• **Problem description**
Consider the listing below. Extract exactly the lines from the line containing "Output: an INI" to the line containing "The image spans 60.0° horizontally.", both included.

• **Data provided**
● ● ● ● ● ● ●

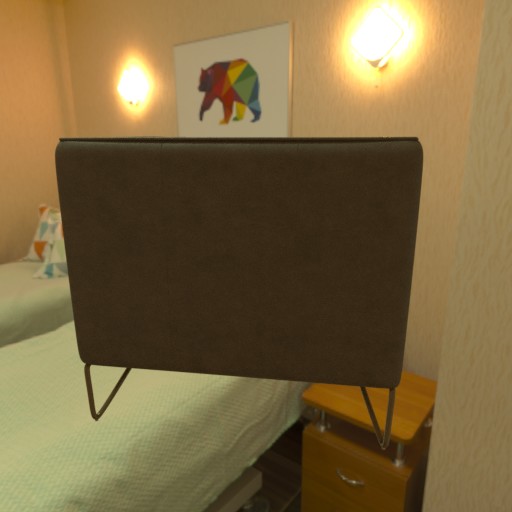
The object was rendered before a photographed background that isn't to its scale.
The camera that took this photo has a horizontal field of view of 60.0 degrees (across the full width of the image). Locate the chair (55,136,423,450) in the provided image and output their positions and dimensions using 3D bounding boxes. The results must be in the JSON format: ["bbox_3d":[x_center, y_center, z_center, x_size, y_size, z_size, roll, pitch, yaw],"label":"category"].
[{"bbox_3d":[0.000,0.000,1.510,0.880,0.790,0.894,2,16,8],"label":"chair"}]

● ● ● ● ● ● ●

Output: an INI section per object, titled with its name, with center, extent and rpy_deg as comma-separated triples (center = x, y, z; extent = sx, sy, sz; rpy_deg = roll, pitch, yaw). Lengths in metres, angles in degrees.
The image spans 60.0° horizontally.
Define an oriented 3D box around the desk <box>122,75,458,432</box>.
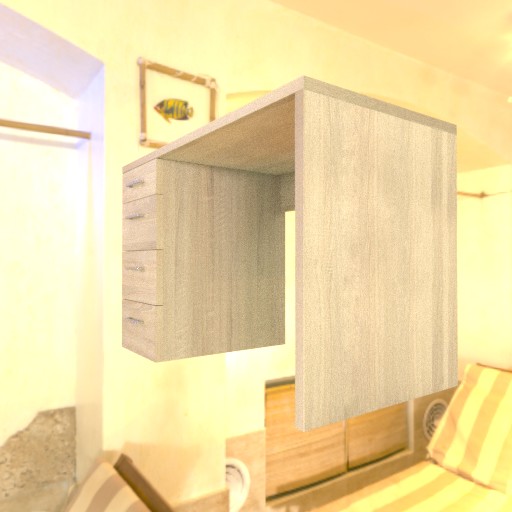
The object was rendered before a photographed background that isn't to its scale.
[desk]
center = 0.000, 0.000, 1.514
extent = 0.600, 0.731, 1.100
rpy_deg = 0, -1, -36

● ● ● ● ● ● ●

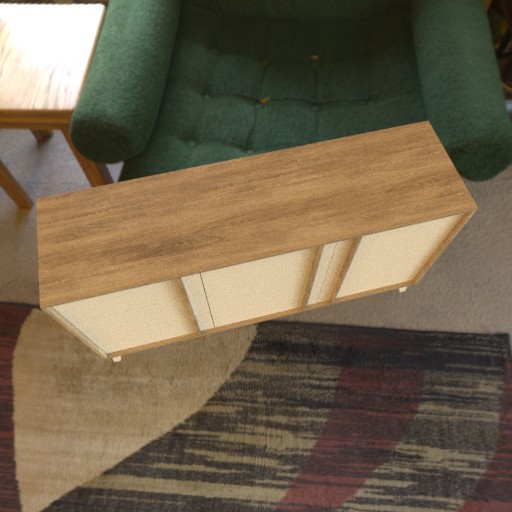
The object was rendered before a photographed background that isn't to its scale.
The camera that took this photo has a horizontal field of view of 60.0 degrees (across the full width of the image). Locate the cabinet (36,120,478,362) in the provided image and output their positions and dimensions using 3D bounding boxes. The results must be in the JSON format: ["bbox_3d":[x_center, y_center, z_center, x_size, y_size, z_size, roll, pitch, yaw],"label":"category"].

● ● ● ● ● ● ●

• **Output of the task**
Output: an INI section per object, titled with its name, with center, extent and rpy_deg as comma-separated triples (center = x, y, z; extent = sx, sy, sz; rpy_deg = roll, pitch, yaw). Lengths in metres, angles in degrees.
The image spans 60.0° horizontally.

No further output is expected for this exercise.